After deploying the complete pipeline, DataEdge Capital saw the following improvements:

Metric	Before	After
Time to detect broken pipeline	3 days	15 minutes (alerting)
Model retraining	Ad-hoc, manual	Automated, daily
Feature consistency	2 different implementations	1 centralized store
Prediction traceability	None	Full audit trail
Average prediction latency	30 min (manual)	12 ms (API)
Monthly model-related losses	~$15,000 \| ~$2,000

Key Lessons Learned

Start simple: The SQLite feature store and joblib serialization were sufficient for DataEdge's scale.
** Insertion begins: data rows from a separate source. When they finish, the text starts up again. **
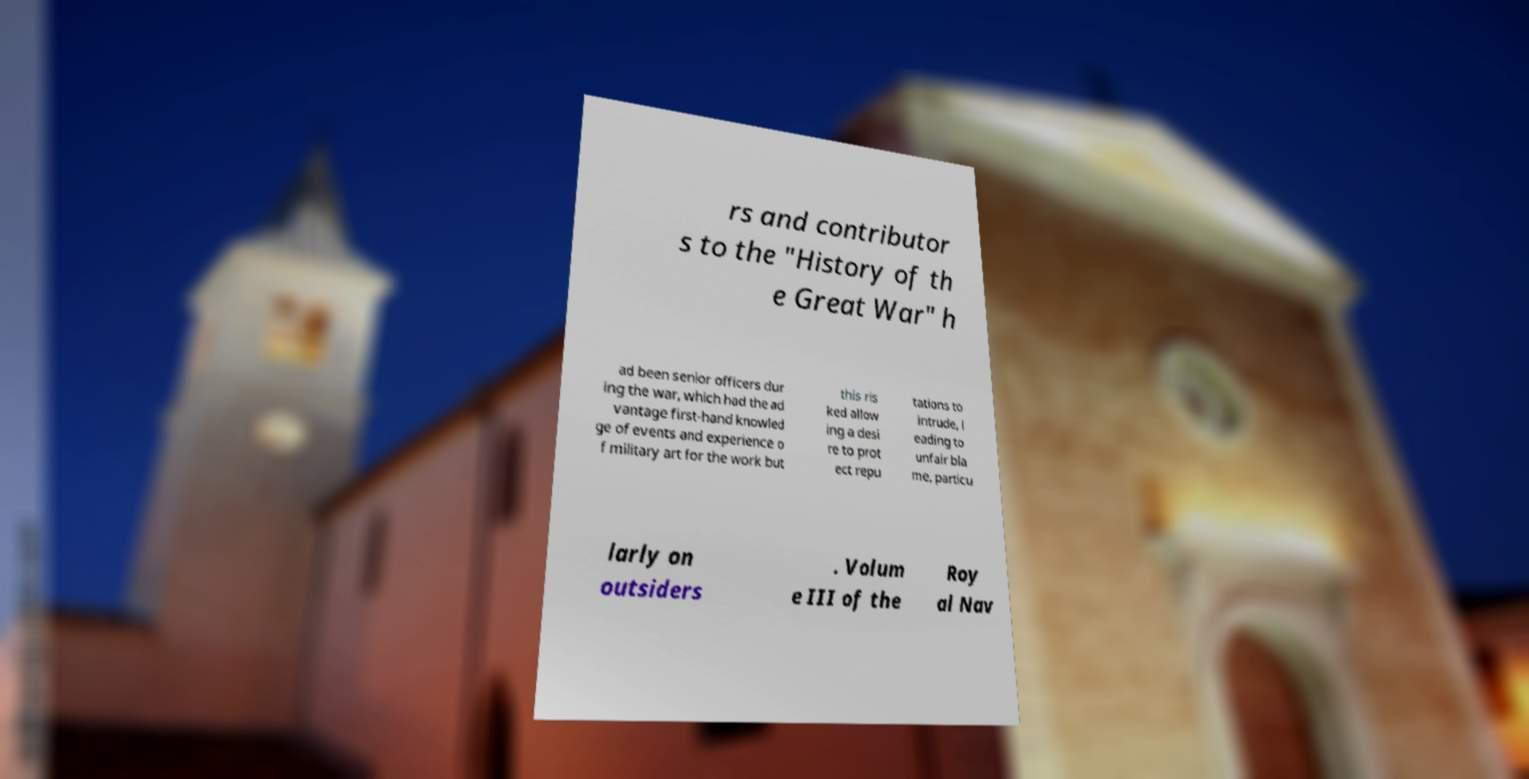Please read and relay the text visible in this image. What does it say? rs and contributor s to the "History of th e Great War" h ad been senior officers dur ing the war, which had the ad vantage first-hand knowled ge of events and experience o f military art for the work but this ris ked allow ing a desi re to prot ect repu tations to intrude, l eading to unfair bla me, particu larly on outsiders . Volum e III of the Roy al Nav 
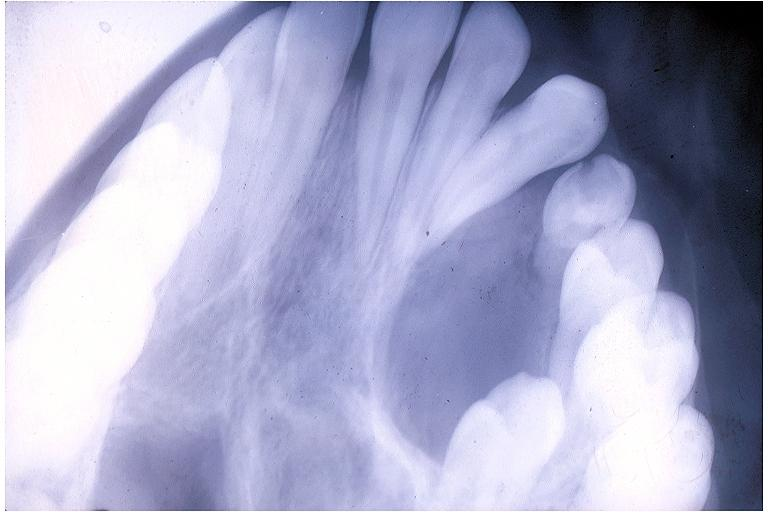does this image show adenomatoid odontogenic tumor?
Answer the question using a single word or phrase. Yes 
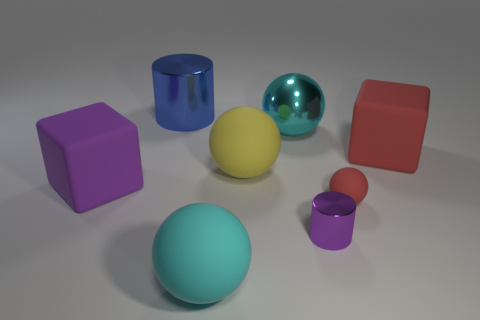Is the number of big cyan rubber objects that are behind the tiny purple thing less than the number of red rubber spheres?
Provide a short and direct response. Yes. Are there any metal spheres of the same size as the blue thing?
Offer a very short reply. Yes. Is the color of the tiny matte sphere the same as the matte object that is on the left side of the big cyan matte ball?
Your answer should be very brief. No. How many blue cylinders are in front of the large block that is on the right side of the large purple block?
Offer a very short reply. 0. There is a cylinder behind the block to the right of the big cyan shiny ball; what color is it?
Offer a very short reply. Blue. What is the thing that is right of the purple cylinder and behind the small matte sphere made of?
Offer a terse response. Rubber. Is there a small blue metallic thing of the same shape as the tiny rubber thing?
Make the answer very short. No. Does the cyan thing behind the large purple matte block have the same shape as the big red object?
Keep it short and to the point. No. How many big spheres are both in front of the large cyan metal object and behind the big cyan matte sphere?
Provide a short and direct response. 1. What shape is the thing behind the large cyan metallic sphere?
Your response must be concise. Cylinder. 
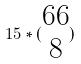Convert formula to latex. <formula><loc_0><loc_0><loc_500><loc_500>1 5 * ( \begin{matrix} 6 6 \\ 8 \end{matrix} )</formula> 
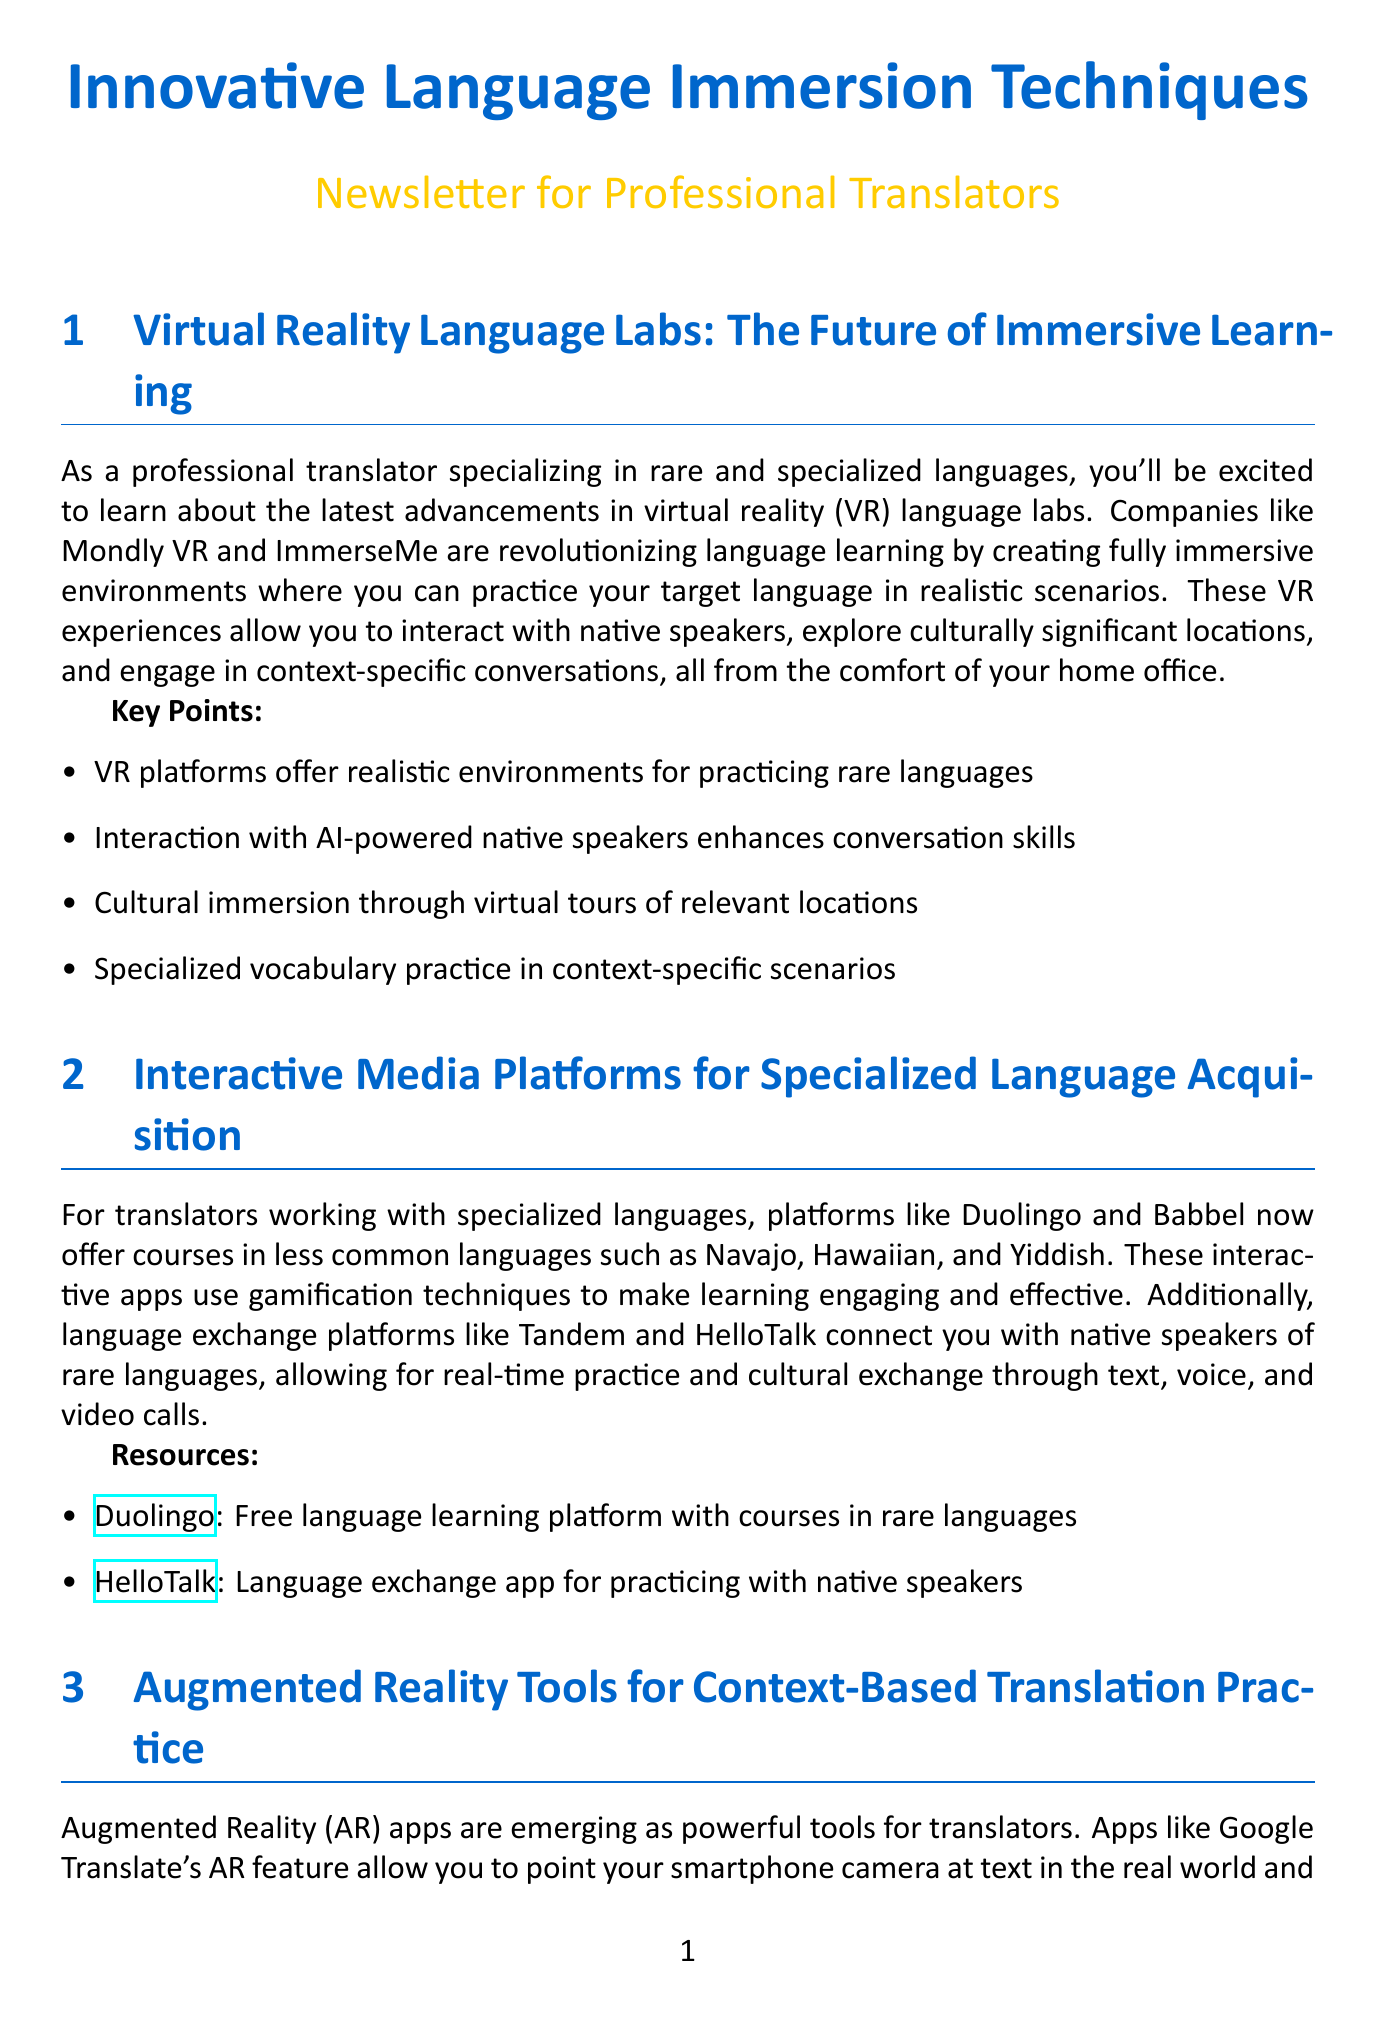What are VR platforms used for? VR platforms are used for practicing rare languages in realistic environments.
Answer: Practicing rare languages Which companies are mentioned for VR language labs? The companies mentioned for VR language labs are Mondly VR and ImmerseMe.
Answer: Mondly VR and ImmerseMe What type of languages do Duolingo and Babbel focus on? Duolingo and Babbel offer courses in less common languages, including Navajo, Hawaiian, and Yiddish.
Answer: Less common languages What is a benefit of Augmented Reality apps for translators? A benefit of Augmented Reality apps is real-time translation of specialized texts in context.
Answer: Real-time translation Name one AI-powered language partner platform. One AI-powered language partner platform mentioned is Replika.
Answer: Replika What kind of resources does Radio Lingua Network offer? Radio Lingua Network offers podcasts in less commonly taught languages.
Answer: Podcasts in less commonly taught languages How can specialized vocabulary be practiced according to the newsletter? Specialized vocabulary can be practiced in context-specific scenarios.
Answer: Context-specific scenarios What enhances conversation skills in VR language labs? Interaction with AI-powered native speakers enhances conversation skills.
Answer: Interaction with AI-powered native speakers

They did not need Redis, Kubernetes, or a distributed feature store.
Monitor feature freshness first: The biggest risk was not model quality but stale data. Feature freshness monitoring caught problems before they affected predictions.
Automate the easy parts first: Scheduled daily retraining was simple to implement and eliminated the "forgot to retrain" problem. Trigger-based retraining came later.
Audit trails pay for themselves: When a trade went wrong, being able to trace back to the exact model version, features, and predictions made debugging fast instead of impossible.
The pipeline is the product: Priya's individual models were good, but the pipeline --- the system that produces, validates, deploys, and monitors models --- was the real deliverable.